Below are the records. Retype exactly the lines between the lines holding "line L6 (0, 30) -> (68, 30)" and "line L16 (117.9, 44.5) -> (117.9, 40.5)", inclusive.

Extracted records:

----

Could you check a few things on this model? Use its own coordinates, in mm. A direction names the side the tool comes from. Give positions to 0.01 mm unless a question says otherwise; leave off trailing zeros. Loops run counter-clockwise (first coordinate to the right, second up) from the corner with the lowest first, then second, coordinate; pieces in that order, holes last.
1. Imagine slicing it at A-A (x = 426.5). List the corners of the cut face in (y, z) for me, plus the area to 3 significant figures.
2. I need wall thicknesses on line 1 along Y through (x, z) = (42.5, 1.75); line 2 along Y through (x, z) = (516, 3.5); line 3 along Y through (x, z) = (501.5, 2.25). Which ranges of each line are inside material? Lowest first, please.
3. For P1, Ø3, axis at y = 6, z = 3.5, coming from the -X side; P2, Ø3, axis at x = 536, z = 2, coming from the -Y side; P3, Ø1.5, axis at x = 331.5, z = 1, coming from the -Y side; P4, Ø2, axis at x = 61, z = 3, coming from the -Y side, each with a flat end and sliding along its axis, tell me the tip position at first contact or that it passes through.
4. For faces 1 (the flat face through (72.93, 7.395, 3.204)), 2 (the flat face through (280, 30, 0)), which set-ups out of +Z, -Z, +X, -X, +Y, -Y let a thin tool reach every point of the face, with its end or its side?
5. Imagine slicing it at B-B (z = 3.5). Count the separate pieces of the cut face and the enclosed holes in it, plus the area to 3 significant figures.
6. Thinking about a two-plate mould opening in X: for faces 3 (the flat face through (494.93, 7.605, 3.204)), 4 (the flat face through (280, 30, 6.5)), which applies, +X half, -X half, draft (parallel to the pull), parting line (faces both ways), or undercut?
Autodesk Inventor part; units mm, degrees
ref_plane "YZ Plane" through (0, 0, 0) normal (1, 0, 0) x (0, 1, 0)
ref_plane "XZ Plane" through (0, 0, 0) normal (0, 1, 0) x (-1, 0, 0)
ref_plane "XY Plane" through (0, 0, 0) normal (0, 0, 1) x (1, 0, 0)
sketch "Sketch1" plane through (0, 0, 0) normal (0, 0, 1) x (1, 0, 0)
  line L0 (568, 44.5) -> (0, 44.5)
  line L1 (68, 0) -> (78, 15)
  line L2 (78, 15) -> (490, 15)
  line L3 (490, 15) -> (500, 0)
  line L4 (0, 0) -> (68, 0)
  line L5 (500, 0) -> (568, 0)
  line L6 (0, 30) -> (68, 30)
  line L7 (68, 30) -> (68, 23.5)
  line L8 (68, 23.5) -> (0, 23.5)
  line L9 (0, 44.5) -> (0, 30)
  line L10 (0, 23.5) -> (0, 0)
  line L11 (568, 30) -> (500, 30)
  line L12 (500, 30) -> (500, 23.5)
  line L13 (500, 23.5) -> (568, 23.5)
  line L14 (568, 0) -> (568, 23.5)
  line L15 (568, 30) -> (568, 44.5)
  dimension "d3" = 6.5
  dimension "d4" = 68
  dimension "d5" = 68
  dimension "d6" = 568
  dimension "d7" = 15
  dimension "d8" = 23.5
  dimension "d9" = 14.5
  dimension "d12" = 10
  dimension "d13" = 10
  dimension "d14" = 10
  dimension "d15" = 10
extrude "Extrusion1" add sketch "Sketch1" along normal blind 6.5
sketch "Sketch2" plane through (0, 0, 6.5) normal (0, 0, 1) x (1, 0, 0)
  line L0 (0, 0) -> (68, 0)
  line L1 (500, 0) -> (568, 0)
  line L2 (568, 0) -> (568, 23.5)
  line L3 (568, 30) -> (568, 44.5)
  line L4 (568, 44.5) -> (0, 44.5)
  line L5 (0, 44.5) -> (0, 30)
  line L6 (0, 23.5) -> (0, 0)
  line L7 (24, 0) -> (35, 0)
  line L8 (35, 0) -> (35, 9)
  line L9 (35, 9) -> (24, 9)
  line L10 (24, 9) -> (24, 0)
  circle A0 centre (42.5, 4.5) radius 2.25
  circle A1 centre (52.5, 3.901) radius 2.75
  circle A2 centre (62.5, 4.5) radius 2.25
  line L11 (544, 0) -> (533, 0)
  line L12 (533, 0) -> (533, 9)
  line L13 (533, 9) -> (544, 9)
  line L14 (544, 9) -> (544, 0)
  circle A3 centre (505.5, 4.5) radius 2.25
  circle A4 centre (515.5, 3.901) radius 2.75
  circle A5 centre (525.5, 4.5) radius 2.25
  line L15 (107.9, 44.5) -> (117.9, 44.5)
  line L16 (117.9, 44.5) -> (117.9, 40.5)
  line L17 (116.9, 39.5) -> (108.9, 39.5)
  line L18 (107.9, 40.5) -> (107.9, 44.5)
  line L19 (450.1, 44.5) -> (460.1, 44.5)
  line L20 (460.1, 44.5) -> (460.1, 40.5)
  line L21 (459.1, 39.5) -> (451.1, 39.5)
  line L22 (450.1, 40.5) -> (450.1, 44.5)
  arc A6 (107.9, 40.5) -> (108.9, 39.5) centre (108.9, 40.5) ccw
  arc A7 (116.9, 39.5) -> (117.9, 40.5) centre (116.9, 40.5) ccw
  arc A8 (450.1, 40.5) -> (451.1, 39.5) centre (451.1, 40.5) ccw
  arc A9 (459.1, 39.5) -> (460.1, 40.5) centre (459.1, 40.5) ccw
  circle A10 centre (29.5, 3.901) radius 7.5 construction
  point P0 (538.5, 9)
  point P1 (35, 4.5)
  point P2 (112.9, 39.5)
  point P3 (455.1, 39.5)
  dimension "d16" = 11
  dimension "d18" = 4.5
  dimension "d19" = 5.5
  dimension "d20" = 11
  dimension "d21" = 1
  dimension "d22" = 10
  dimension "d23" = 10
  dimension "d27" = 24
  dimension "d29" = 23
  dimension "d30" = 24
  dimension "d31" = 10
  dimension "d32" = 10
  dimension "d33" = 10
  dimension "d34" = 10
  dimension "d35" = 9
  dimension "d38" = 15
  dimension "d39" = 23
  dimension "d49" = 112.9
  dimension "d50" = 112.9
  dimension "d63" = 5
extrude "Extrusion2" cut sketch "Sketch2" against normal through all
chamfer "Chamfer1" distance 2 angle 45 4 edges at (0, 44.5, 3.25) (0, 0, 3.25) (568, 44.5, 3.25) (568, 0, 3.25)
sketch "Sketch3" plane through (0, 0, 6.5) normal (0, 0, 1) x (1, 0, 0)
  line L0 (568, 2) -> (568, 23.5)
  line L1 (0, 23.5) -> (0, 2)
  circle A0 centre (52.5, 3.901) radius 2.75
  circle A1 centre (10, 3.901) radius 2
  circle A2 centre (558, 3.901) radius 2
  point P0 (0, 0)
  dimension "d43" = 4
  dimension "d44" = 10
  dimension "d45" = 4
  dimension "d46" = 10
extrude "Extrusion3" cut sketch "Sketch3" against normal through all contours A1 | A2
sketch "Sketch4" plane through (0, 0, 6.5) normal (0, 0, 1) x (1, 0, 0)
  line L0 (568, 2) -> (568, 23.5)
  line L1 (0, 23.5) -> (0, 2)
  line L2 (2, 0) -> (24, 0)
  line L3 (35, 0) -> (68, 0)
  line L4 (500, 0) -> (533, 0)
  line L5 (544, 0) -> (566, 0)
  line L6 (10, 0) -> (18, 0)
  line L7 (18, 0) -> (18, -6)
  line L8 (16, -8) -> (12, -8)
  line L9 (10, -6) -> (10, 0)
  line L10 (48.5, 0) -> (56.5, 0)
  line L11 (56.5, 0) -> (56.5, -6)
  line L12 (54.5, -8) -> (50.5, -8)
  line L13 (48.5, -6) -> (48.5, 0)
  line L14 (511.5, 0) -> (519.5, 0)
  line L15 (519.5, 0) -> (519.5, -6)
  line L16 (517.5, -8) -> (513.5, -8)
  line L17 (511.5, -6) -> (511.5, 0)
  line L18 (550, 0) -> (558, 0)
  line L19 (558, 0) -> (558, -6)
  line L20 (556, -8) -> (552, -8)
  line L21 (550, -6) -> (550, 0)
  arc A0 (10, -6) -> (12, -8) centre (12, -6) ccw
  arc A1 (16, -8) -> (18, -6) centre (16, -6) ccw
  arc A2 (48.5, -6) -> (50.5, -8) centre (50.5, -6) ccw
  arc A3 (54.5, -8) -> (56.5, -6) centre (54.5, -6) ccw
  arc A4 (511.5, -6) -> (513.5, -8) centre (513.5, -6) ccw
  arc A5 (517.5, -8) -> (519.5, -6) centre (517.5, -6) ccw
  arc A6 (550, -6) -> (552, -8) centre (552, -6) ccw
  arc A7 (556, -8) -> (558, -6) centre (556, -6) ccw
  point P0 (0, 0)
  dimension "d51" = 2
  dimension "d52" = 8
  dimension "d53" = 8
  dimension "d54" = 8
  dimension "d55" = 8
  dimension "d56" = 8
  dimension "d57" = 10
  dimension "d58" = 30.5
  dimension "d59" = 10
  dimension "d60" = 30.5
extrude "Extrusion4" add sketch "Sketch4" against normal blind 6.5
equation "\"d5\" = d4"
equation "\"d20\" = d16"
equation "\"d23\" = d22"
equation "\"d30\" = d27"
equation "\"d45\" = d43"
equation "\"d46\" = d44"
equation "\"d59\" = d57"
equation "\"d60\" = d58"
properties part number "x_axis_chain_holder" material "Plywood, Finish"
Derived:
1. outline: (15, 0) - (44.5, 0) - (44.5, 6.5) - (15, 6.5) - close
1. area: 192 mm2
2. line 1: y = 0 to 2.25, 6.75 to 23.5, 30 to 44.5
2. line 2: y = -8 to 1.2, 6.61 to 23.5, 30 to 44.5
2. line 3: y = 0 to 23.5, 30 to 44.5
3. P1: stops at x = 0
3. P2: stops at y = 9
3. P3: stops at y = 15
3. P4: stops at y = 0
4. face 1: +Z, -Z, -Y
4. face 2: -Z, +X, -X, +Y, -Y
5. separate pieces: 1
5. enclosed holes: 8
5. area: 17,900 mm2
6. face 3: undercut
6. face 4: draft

----

TASK ANSWER:
  line L6 (0, 30) -> (68, 30)
  line L7 (68, 30) -> (68, 23.5)
  line L8 (68, 23.5) -> (0, 23.5)
  line L9 (0, 44.5) -> (0, 30)
  line L10 (0, 23.5) -> (0, 0)
  line L11 (568, 30) -> (500, 30)
  line L12 (500, 30) -> (500, 23.5)
  line L13 (500, 23.5) -> (568, 23.5)
  line L14 (568, 0) -> (568, 23.5)
  line L15 (568, 30) -> (568, 44.5)
  dimension "d3" = 6.5
  dimension "d4" = 68
  dimension "d5" = 68
  dimension "d6" = 568
  dimension "d7" = 15
  dimension "d8" = 23.5
  dimension "d9" = 14.5
  dimension "d12" = 10
  dimension "d13" = 10
  dimension "d14" = 10
  dimension "d15" = 10
extrude "Extrusion1" add sketch "Sketch1" along normal blind 6.5
sketch "Sketch2" plane through (0, 0, 6.5) normal (0, 0, 1) x (1, 0, 0)
  line L0 (0, 0) -> (68, 0)
  line L1 (500, 0) -> (568, 0)
  line L2 (568, 0) -> (568, 23.5)
  line L3 (568, 30) -> (568, 44.5)
  line L4 (568, 44.5) -> (0, 44.5)
  line L5 (0, 44.5) -> (0, 30)
  line L6 (0, 23.5) -> (0, 0)
  line L7 (24, 0) -> (35, 0)
  line L8 (35, 0) -> (35, 9)
  line L9 (35, 9) -> (24, 9)
  line L10 (24, 9) -> (24, 0)
  circle A0 centre (42.5, 4.5) radius 2.25
  circle A1 centre (52.5, 3.901) radius 2.75
  circle A2 centre (62.5, 4.5) radius 2.25
  line L11 (544, 0) -> (533, 0)
  line L12 (533, 0) -> (533, 9)
  line L13 (533, 9) -> (544, 9)
  line L14 (544, 9) -> (544, 0)
  circle A3 centre (505.5, 4.5) radius 2.25
  circle A4 centre (515.5, 3.901) radius 2.75
  circle A5 centre (525.5, 4.5) radius 2.25
  line L15 (107.9, 44.5) -> (117.9, 44.5)
  line L16 (117.9, 44.5) -> (117.9, 40.5)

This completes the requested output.